The same application is running normally on another machine using Cent OS 5, java 7.

java -Dcom.sun.management.jmxremote -Dcom.sun.management.jmxremote.port=1581
-Dcom.sun.management.jmxremote.authenticate=false
-Dcom.sun.management.jmxremote.ssl=false -verbose:gc -XX:+PrintGCDetails
-XX:+UseCompressedOops -XX:+PrintGCDateStamps -XX:+PrintHeapAtGC
-XX:+PrintTenuringDistribution -XX:+UseConcMarkSweepGC
-Xloggc:/usr/local/app/logs/current-gc.log -Xms29g -Xmx29g -XX:NewSize=3000m
-XX:SurvivorRatio=8 -XX:CMSInitiatingOccupancyFraction=70
-XX:+UseCMSInitiatingOccupancyOnly
-Dsun.rmi.dgc.client.gcInterval=0x7FFFFFFFFFFFFFFE
-Dsun.rmi.dgc.server.gcInterval=0x7FFFFFFFFFFFFFFE
-cp /usr/local/app/conf:/usr/local/app/app.jar:/usr/local/app/lib/* -Xdebug
-Xrunjdwp:transport=dt_socket,address=8099,server=y,suspend=n
-Dvisualvm.display.name=App -XX:+HeapDumpOnOutOfMemoryError
-XX:HeapDumpPath=/usr/local/app/logs/
-XX:ErrorFile=/usr/local/app/logs/hs_err_pid%p.log
-Djgroups.tcpgossip.initial_host=localhost
-Dlog4j.hostname=host7.company.com com.company.app.service.App

UPDATE: The problem is still not solved. I've tried everything: update OS packages and kernel, update Java to latest version Java 1.7.0_80, rollback the application version, but without success.

I've also verified previous GC logs and found that this issue was not forever. It started about a month ago, after a deployment.

Chinkiang answered 23/12, 2015 at 8:15 Comment(14)

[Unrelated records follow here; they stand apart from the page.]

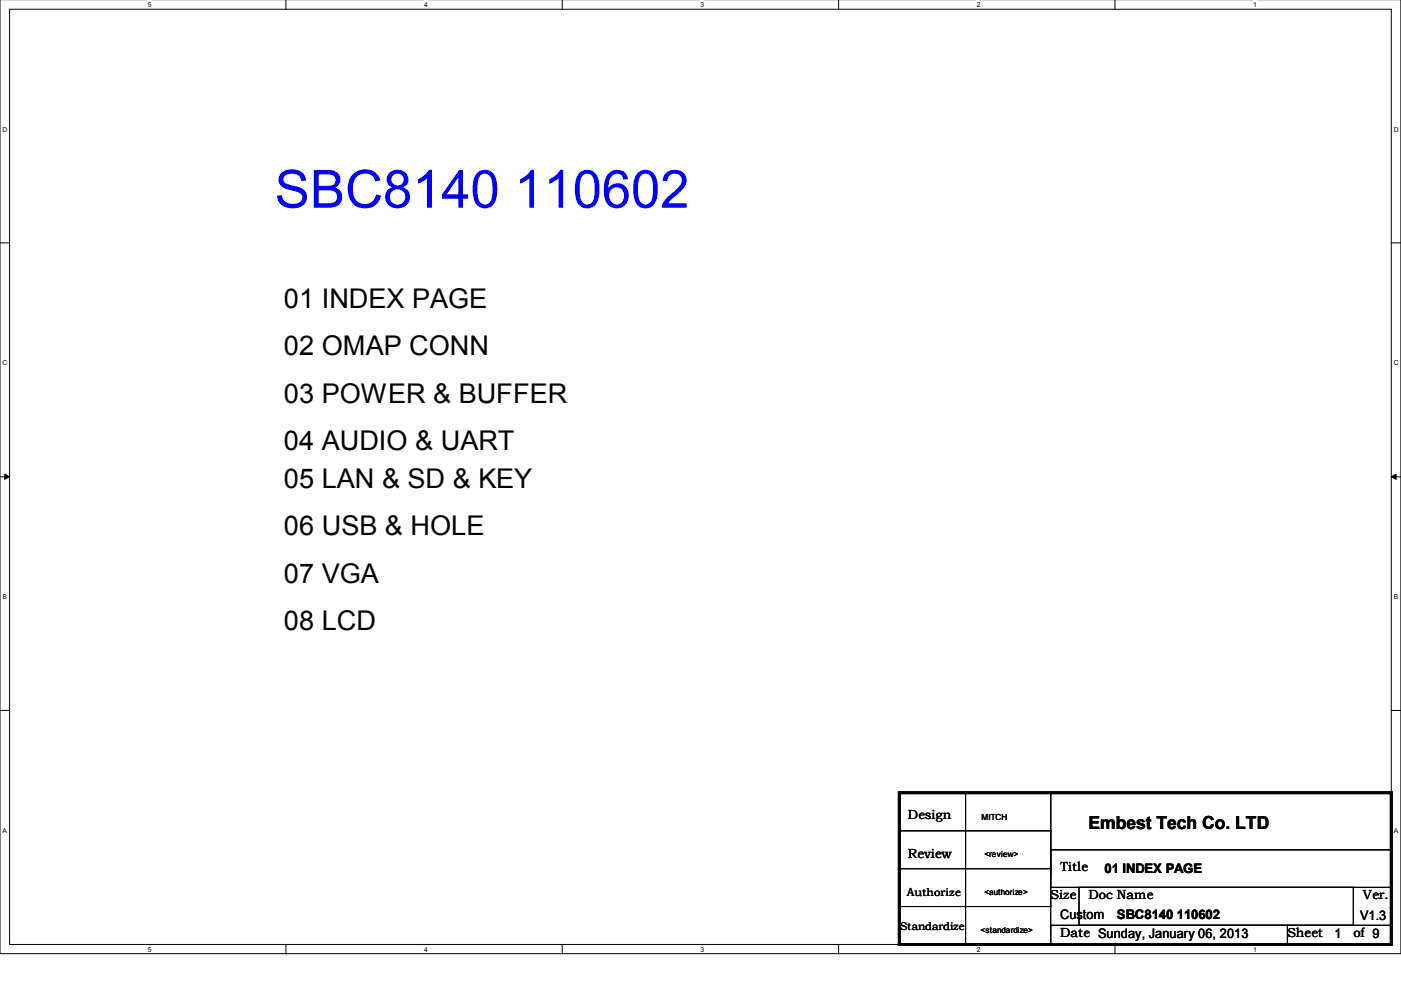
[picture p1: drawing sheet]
<svg xmlns="http://www.w3.org/2000/svg" width="297mm" height="210mm" viewBox="0 0 297 210" stroke-linecap="round" stroke-linejoin="round" font-family="sans-serif">
<defs><g id="words">
<text font-size="11.2" fill="#00f" x="58.3" y="44">SBC8140 110602</text>
<g font-size="5.8">
<text x="60.2" y="65.3">01 INDEX PAGE</text>
<text x="60.2" y="75.4">02 OMAP CONN</text>
<text x="60.2" y="85.4">03 POWER &amp; BUFFER</text>
<text x="60.2" y="95.4">04 AUDIO &amp; UART</text>
<text x="60.2" y="103.5">05 LAN &amp; SD &amp; KEY</text>
<text x="60.2" y="113.5">06 USB &amp; HOLE</text>
<text x="60.2" y="123.5">07 VGA</text>
<text x="60.2" y="133.5">08 LCD</text>
</g>
<text font-size="3.8" x="230.8" y="175.7">Embest Tech Co. LTD</text>
<g font-size="2.8">
<text x="192.4" y="173.7">Design</text>
<text x="192.4" y="181.9">Review</text>
<text x="224.8" y="184.7">Title</text>
<text x="234.2" y="185">01 INDEX PAGE</text>
<text x="222.8" y="190.7">Size</text>
<text x="230.8" y="190.7">Doc Name</text>
<text x="289" y="190.7">Ver.</text>
<text x="224.8" y="194.8">Custom</text>
<text x="236.8" y="194.8">SBC8140 110602</text>
<text x="288.4" y="195">V1.3</text>
<text x="224.8" y="198.7">Date Sunday, January 06, 2013</text>
<text x="273" y="198.7">Sheet</text>
<text x="283" y="198.8">1</text>
<text x="286.9" y="198.7">of 9</text>
</g>
<g font-size="2.4">
<text x="192.3" y="190">Authorize</text>
<text x="190.8" y="197.2">Standardize</text>
</g>
<g font-size="1.8">
<text x="208.1" y="173.9">MITCH</text>
<text x="208.7" y="181.8">&lt;review&gt;</text>
<text x="208.7" y="189.8">&lt;authorize&gt;</text>
<text x="207.9" y="197.8">&lt;standardize&gt;</text>
</g>
<g font-size="1.4">
<text x="31.3" y="1.5">5</text>
<text x="89.9" y="1.5">4</text>
<text x="148.5" y="1.5">3</text>
<text x="207.1" y="1.5">2</text>
<text x="265.7" y="1.5">1</text>
<text x=".5" y="28">D</text>
<text x="295.5" y="28">D</text>
<text x=".5" y="77.5">C</text>
<text x="295.5" y="77.5">C</text>
<text x=".5" y="127.1">B</text>
<text x="295.5" y="127.1">B</text>
<text x=".5" y="176.6">A</text>
<text x="295.5" y="176.6">A</text>
<text x="31.3" y="201.8">5</text>
<text x="89.9" y="201.8">4</text>
<text x="148.5" y="201.8">3</text>
<text x="207.1" y="201.8">2</text>
<text x="265.7" y="201.8">1</text>
</g>
</g></defs>
<path d="M0 -.1v202.3h297v-202.3M2 2h293v198.3h-293z" fill="none" stroke="#000" stroke-width=".21"/>
<g fill="#fff">
<path d="M31.3 .2h.7v1.5h-.7z"/>
<path d="M31.3 200.5h.7v1.5h-.7z"/>
</g>
<path d="M60.6 0v2M60.6 200.3v2" fill="none" stroke="#000" stroke-width=".21"/>
<g fill="#fff">
<path d="M89.9 .2h.7v1.5h-.7z"/>
<path d="M89.9 200.5h.7v1.5h-.7z"/>
</g>
<path d="M119.2 0v2M119.2 200.3v2" fill="none" stroke="#000" stroke-width=".21"/>
<g fill="#fff">
<path d="M148.5 .2h.7v1.5h-.7z"/>
<path d="M148.5 200.5h.7v1.5h-.7z"/>
</g>
<path d="M177.8 0v2M177.8 200.3v2" fill="none" stroke="#000" stroke-width=".21"/>
<g fill="#fff">
<path d="M207.1 .2h.7v1.5h-.7z"/>
<path d="M207.1 200.5h.7v1.5h-.7z"/>
</g>
<path d="M236.4 0v2M236.4 200.3v2" fill="none" stroke="#000" stroke-width=".21"/>
<g fill="#fff">
<path d="M265.7 .2h.7v1.5h-.7z"/>
<path d="M265.7 200.5h.7v1.5h-.7z"/>
<path d="M.5 26.7h.9v1.5h-.9z"/>
<path d="M295.5 26.7h.9v1.5h-.9z"/>
<path d="M.5 76.2h.9v1.5h-.9z"/>
<path d="M295.5 76.2h.9v1.5h-.9z"/>
</g>
<path d="M0 51.5h2M295 51.5h2" fill="none" stroke="#000" stroke-width=".21"/>
<g fill="#fff">
<path d="M.5 125.8h.9v1.6h-.9z"/>
<path d="M295.5 125.8h.8v1.6h-.8z"/>
</g>
<path d="M0 101.1h2M295 101.1h2" fill="none" stroke="#000" stroke-width=".21"/>
<path d="M1 100.5l1 .6-1 .5zM295 101.1l1-.6v1.1z" fill="#000" stroke="#000" stroke-width=".21"/>
<g fill="#fff">
<path d="M.5 175.4h.9v1.5h-.9z"/>
<path d="M295.5 175.4h.8v1.5h-.8z"/>
</g>
<path d="M0 150.6h2M295 150.6h2M190.7 168.1h32.1v8h-32.1zM190.7 176.1h32.1v8.1h-32.1zM204.7 168.1h18.1v32.2h-18.1zM222.8 176.1h.1M222.8 176.1v10.1M190.7 184.2h32.1v8h-32.1zM222.8 180.2h72.2v7.9h-72.2zM222.8 196.2h50.2v4.1h-50.2zM228.8 188.1h58.1v8.1h-58.1zM273 196.2h22v4.1h-22z" fill="none" stroke="#000" stroke-width=".21"/>
<path d="M190.7 168.1h104.3v32.2h-104.3z" fill="none" stroke="#000" stroke-width=".59"/>
<use href="#words"/>
</svg>

@ravindra The question is not related to G1. – Chinkiang 23/12, 2015 at 9:57

Have a look at this one:#3874135 – Decembrist 23/12, 2015 at 10:2

I thought that you were looking for explanation on why this happening. Have you tried to ssh and profile it directly on the machine? Regarding updated question I agree with @ravindra with his link that it could be a bug with jmx. – Speak 23/12, 2015 at 10:10

I have tried many combinations in CMS and finally moved to G1gc. For 29gb memory, I can't see any other algorithm better than G1GC. – Decembrist 23/12, 2015 at 10:10

@ravindra Interesting, but there was no remote jconsole connected to that jvm and there are no "Unloading ..." messages in the gc logs. – Chinkiang 23/12, 2015 at 10:11

@ravindra yes. But it is still very young algorithm and in JDK8 they were not sure that it should be default one. But anyway in practice for large heaps especially it seems to be the best one. – Speak 23/12, 2015 at 10:12

I have found one more interesting one :googleweblight.com/?lite_url=http://stackoverflow.com/questions/… – Decembrist 23/12, 2015 at 10:19

Full GC starts when the tenured space is full, or the suvivor space is exhaused (e.g. there are too many object copied from the eden space) or the CMS desices now is a good tile to try and do a concurrent cleanup. – Decembrist 23/12, 2015 at 10:20

Take a look also at Minor GV vs Major GC vs Full GC post – Speak 23/12, 2015 at 10:26

is CMS class unloading enabled? i don't recall whether that was available/enabled by default in 7. – Meteorology 23/12, 2015 at 12:29

1.7.0_80 is not the latest java version – Meteorology 27/1, 2016 at 11:20

Is there any way you could upload more logs. I'm not advocating for pasting it into the question, itself, but this Q/A on meta (meta.stackexchange.com/questions/15821/…) gives some decent suggestions for what I'm talking about. – Carousal 29/1, 2016 at 13:47

@Chinkiang Apart from the differing versions of the OS, are the environments on both hosts (and the hosts themselves) equivalent? – Carousal 30/1, 2016 at 2:34

The hardware is also different. They are 2 physical, not virtual machines. The one with the issue is newer. But no other differences. – Chinkiang 30/1, 2016 at 9:28

CMS does not unload classes by default in JDK 7.
You have to specify -XX:+CMSClassUnloadingEnabled, or better switch to JDK 8.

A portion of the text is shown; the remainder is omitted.